Datadog has announced the release of new and enhanced observability products for Google Cloud users, with a focus on expanded monitoring capabilities for BigQuery, Gemini and Vertex AI.
These new capabilities are designed to assist teams in identifying costs, optimising queries, and detecting data quality issues specific to BigQuery. Enhanced features for large language model (LLM) observability will allow users to monitor, troubleshoot, and secure applications that utilise Gemini and Vertex AI. Additionally, other offerings include Google Cloud Storage Monitoring and Cloud Cost Management, further strengthening Datadog's suite of tools for Google Cloud.
Datadog's expanded BigQuery monitoring capabilities, currently in preview, provide users an ability to view BigQuery usage by user and project. This functionality helps teams identify high-cost areas, target long-running queries for optimisation, and detect data quality issues. Yasmeen Ahmad, Managing Director of Strategy & Outbound Product Management for Data, Analytics & AI at Google Cloud, stated, "BigQuery is an integral part of Google Cloud users' tech stacks, enabling them to unlock insights from their proprietary datasets. With Datadog's new monitoring capabilities, Google Cloud customers can more granularly track usage, attribute costs to users and teams, and ensure their BigQuery data is up to date for accurate insights."
Yrieix Garnier, Vice President of Product at Datadog, commented on the complexities faced by their clients: "Today, it takes significant time to pinpoint where the largest BigQuery usage is coming from across projects and drill into the problematic queries to optimise. With our new BigQuery monitoring capabilities, which complement our existing 35+ Google Cloud integrations, Datadog customers can identify cross-project BigQuery cost centres, high-impact optimisation opportunities, and the stakeholders that need to be involved. Customers can also improve data quality by detecting data freshness and volume anomalies so they can fix issues quickly and ensure their business has accurate and up-to-date insights."
Beyond BigQuery, Datadog has introduced several other products. These include LLM Observability for monitoring and securing Gemini and Vertex AI applications, Cloud TPU Integration for detecting resource bottlenecks, and Private Service Connect for enhanced data security and reduced costs. Each of these tools aims to provide deep operational visibility for Google Cloud environments.
Datadog's offerings extend further with GKE Autoscaling, currently in preview, that offers workload scaling recommendations and automation, as well as Storage Monitoring which provides visibility into Google Cloud Storage performance at various levels. The Google Cloud Cost Recommendations feature identifies inefficiencies and offers optimisation advice specifically for services like Cloud Run and Cloud SQL.
As companies in various industries depend on Google Cloud infrastructure, Datadog aims to centralise their data streams through its observability platform. This approach has earned Datadog three Google Cloud Partner of the Year awards across categories including Technology – Global and Application Development – CloudOps.

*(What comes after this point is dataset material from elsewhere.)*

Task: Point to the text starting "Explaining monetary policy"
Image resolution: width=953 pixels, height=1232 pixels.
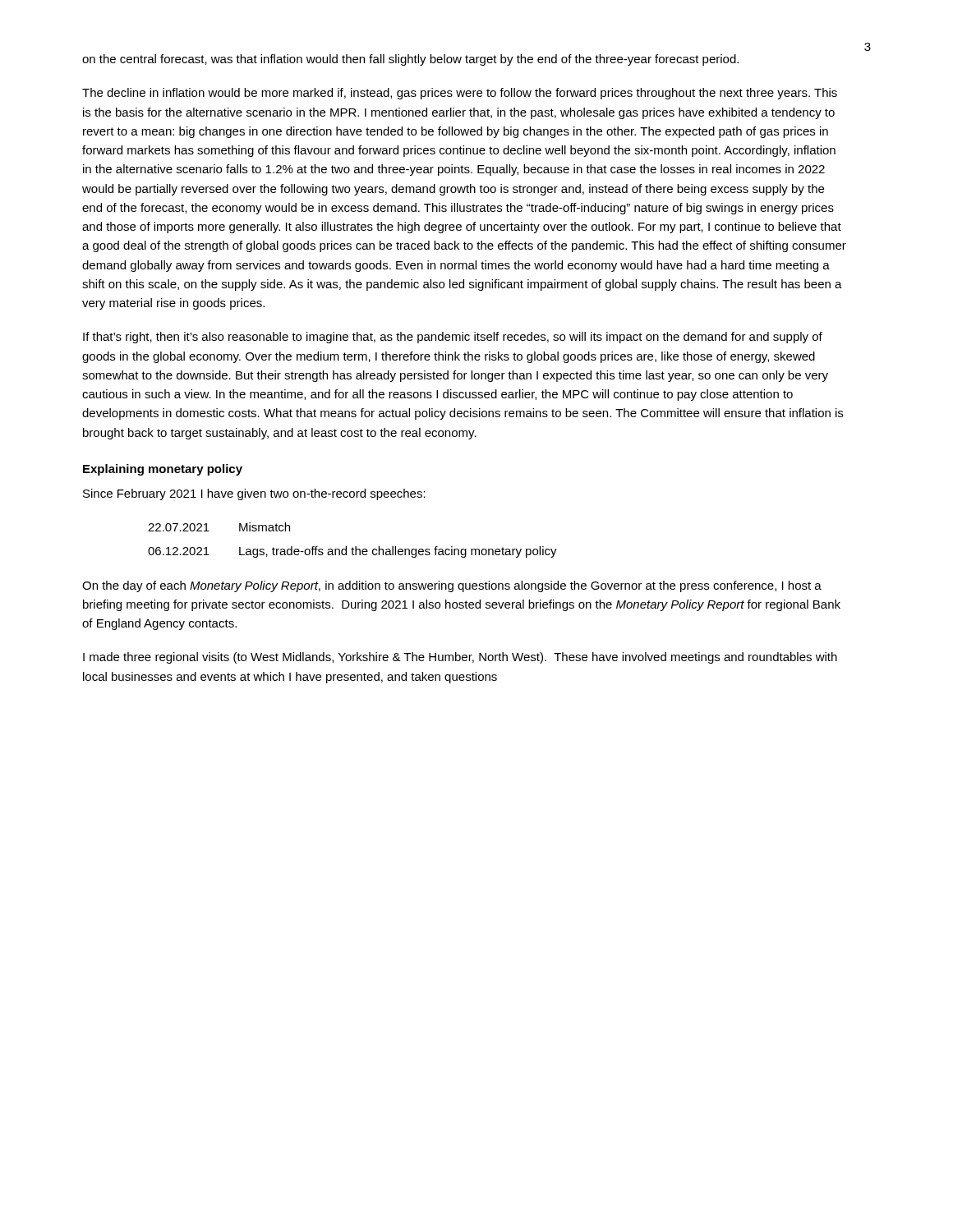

Kevin Ichhpurani, President, Global Partner Ecosystem at Google Cloud, expressed the company's satisfaction with Datadog, noting: "We're pleased to recognise Datadog as our Global Technology Partner of the Year. Datadog has consistently helped Google Cloud customers gain deep operational visibility and improve application performance by delivering innovative monitoring solutions that drive customer success."